Although moving isn’t ideal for everyone — it can be especially disruptive for seniors and people with disabilities — Ms. Jackson is among those leading the fight to get out.
“I don’t want to stay here,” she said. “Period.”
Where will they go?
As the nation grapples with both its affordable housing crisis and the realities of living on a warming planet, the tensions gripping Arbor Court could soon play out in other communities across the country.
“It’s not something that is going to go away,” Dr. Bullard said. “You can point to this apartment and say, How many times or how much damage and harm must those residents fare? And how many times do we have to say, Not again?”
Ms. Schoeman acknowledged that the government could not suddenly withdraw support from all properties in flood plains without creating a new crisis of homelessness. But she said HUD could lead the way by coming up with creative solutions.
The agency could incentivize communities to use grant money to come up with local plans, a strategy a housing authority in North Carolina hopes to use to relocate two public housing properties out of flood zones. Last year, HUD allocated nearly $16 billion for states to use on disaster mitigation.
Ms. Schoeman also raised the possibility of “climate vouchers,” to give people living in vulnerable areas the choice to relocate.
In Houston, Arbor Court has requested to move its contract to another apartment complex 25 miles away and on the other side of town. Mr. Chaiken said that his client was working on fixing up the property and that it would be ready for families to live in soon.
Residents’ lawyers argue that would perpetuate racial segregation — the new address is in a ZIP code that is about 70 percent black. They are instead asking for portable housing vouchers, often thought of as “golden tickets” that allow families to move into better neighborhoods of their choosing. But in reality, many landlords refuse to accept them, particularly in hot housing markets.

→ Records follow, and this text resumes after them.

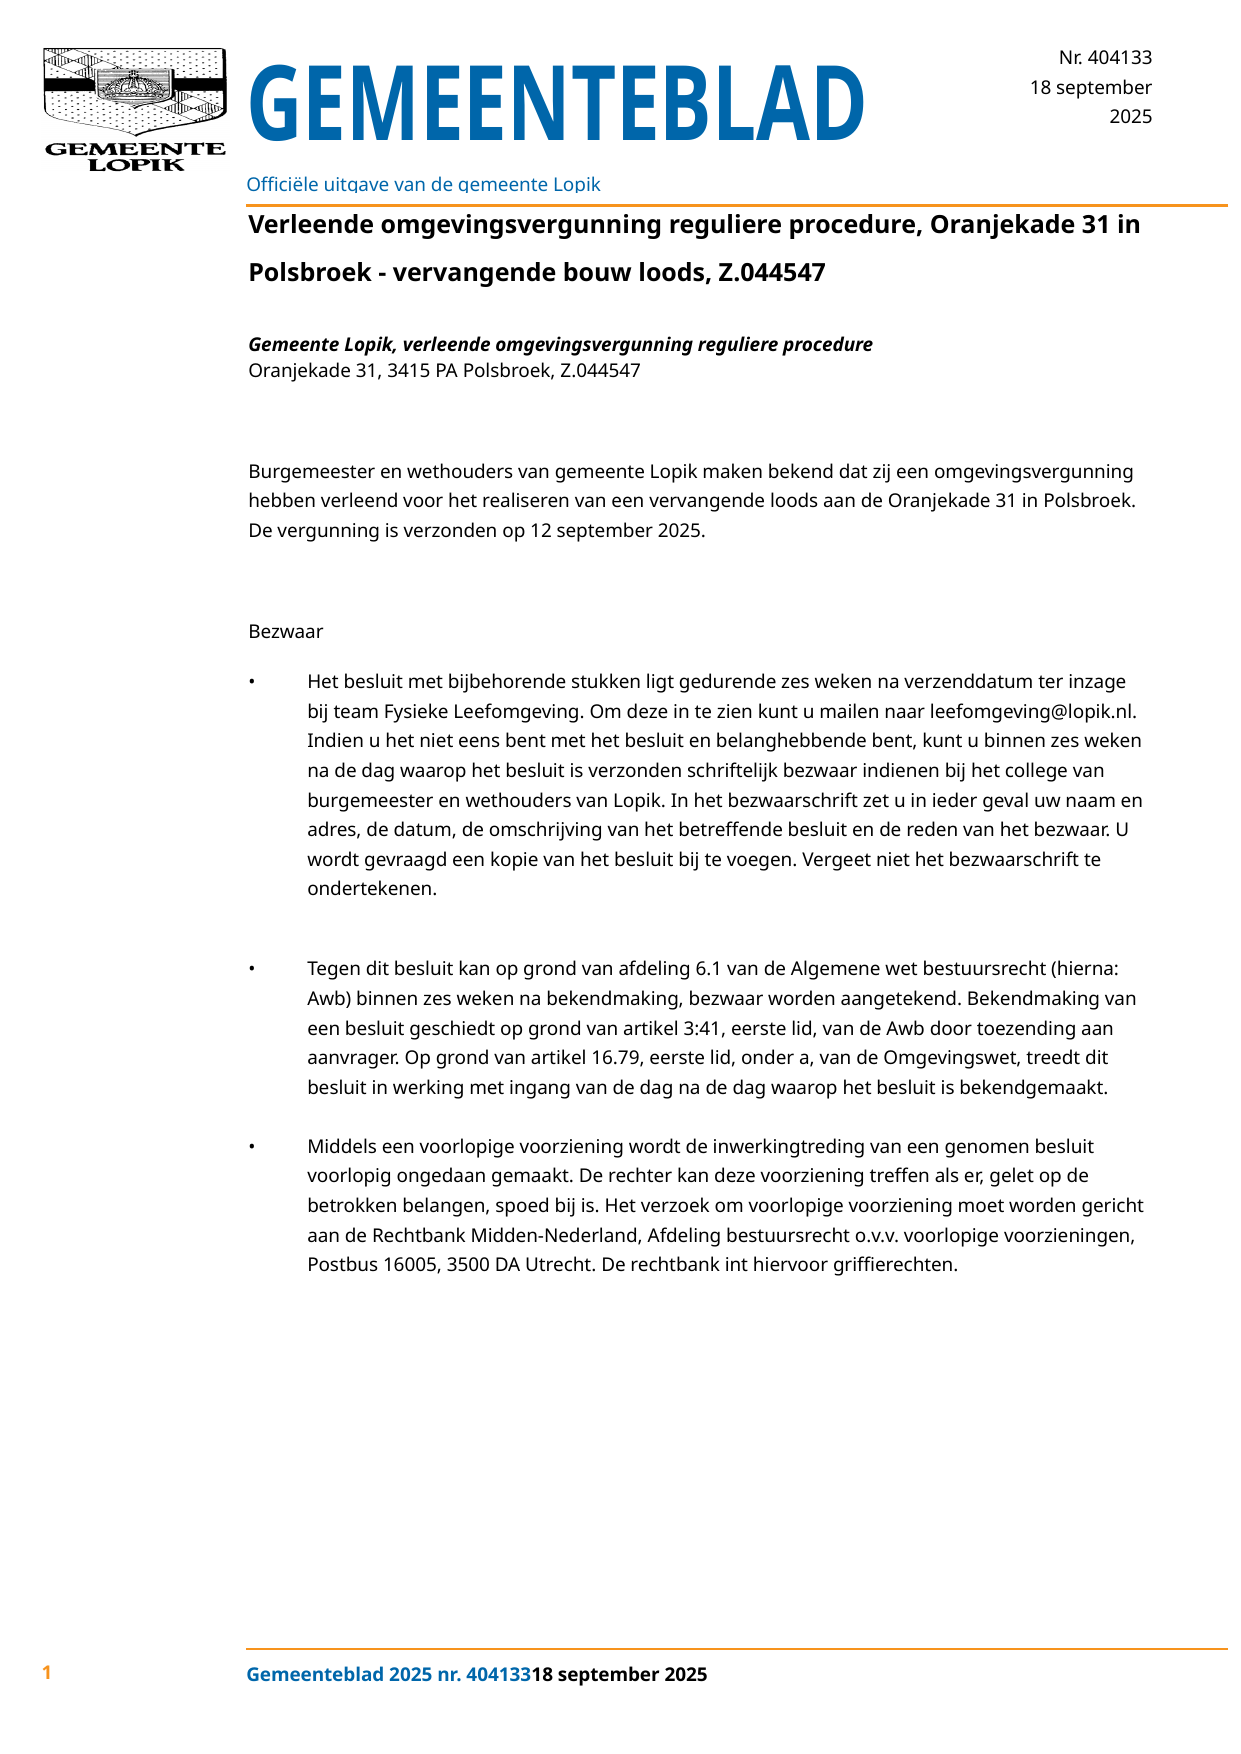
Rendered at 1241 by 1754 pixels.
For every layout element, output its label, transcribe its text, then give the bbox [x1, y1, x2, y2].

picture [41, 47, 231, 172]
text Burgemeester en wethouders van gemeente Lopik maken bekend dat zij een omgevingsvergunning hebben verleend voor het realiseren van een vervangende loods aan de Oranjekade 31 in Polsbroek. De vergunning is verzonden op 12 september 2025. [248, 458, 1152, 543]
list Het besluit met bijbehorende stukken ligt gedurende zes weken na verzenddatum ter inzage bij team Fysieke Leefomgeving. Om deze in te zien kunt u mailen naar leefomgeving@lopik.nl. Indien u het niet eens bent met het besluit en belanghebbende bent, kunt u binnen zes weken na de dag waarop het besluit is verzonden schriftelijk bezwaar indienen bij het college van burgemeester en wethouders van Lopik. In het bezwaarschrift zet u in ieder geval uw naam en adres, de datum, de omschrijving van het betreffende besluit en de reden van het bezwaar. U wordt gevraagd een kopie van het besluit bij te voegen. Vergeet niet het bezwaarschrift te ondertekenen. [248, 668, 1152, 901]
text Oranjekade 31, 3415 PA Polsbroek, Z.044547 [248, 357, 1152, 383]
list Tegen dit besluit kan op grond van afdeling 6.1 van de Algemene wet bestuursrecht (hierna: Awb) binnen zes weken na bekendmaking, bezwaar worden aangetekend. Bekendmaking van een besluit geschiedt op grond van artikel 3:41, eerste lid, van de Awb door toezending aan aanvrager. Op grond van artikel 16.79, eerste lid, onder a, van de Omgevingswet, treedt dit besluit in werking met ingang van de dag na de dag waarop het besluit is bekendgemaakt. [248, 956, 1152, 1099]
list Middels een voorlopige voorziening wordt de inwerkingtreding van een genomen besluit voorlopig ongedaan gemaakt. De rechter kan deze voorziening treffen als er, gelet op de betrokken belangen, spoed bij is. Het verzoek om voorlopige voorziening moet worden gericht aan de Rechtbank Midden-Nederland, Afdeling bestuursrecht o.v.v. voorlopige voorzieningen, Postbus 16005, 3500 DA Utrecht. De rechtbank int hiervoor griffierechten. [248, 1133, 1152, 1277]
text Verleende omgevingsvergunning reguliere procedure, Oranjekade 31 in Polsbroek - vervangende bouw loods, Z.044547 [248, 207, 1152, 288]
text Gemeente Lopik, verleende omgevingsvergunning reguliere procedure [248, 331, 1152, 357]
text Bezwaar [248, 618, 1152, 644]

Officials said HUD was working toward a solution, which could include giving the residents a choice between the two options.
Until then, Ms. White is still living at Arbor Court, waiting out each new rainstorm. She also worries about safety and roaches in the kitchen. But she hopes not for much longer.
Her vision for her next home is simple.
“No roaches, no gunshots, no flooding,” she said. “Everything opposite from where I am now.”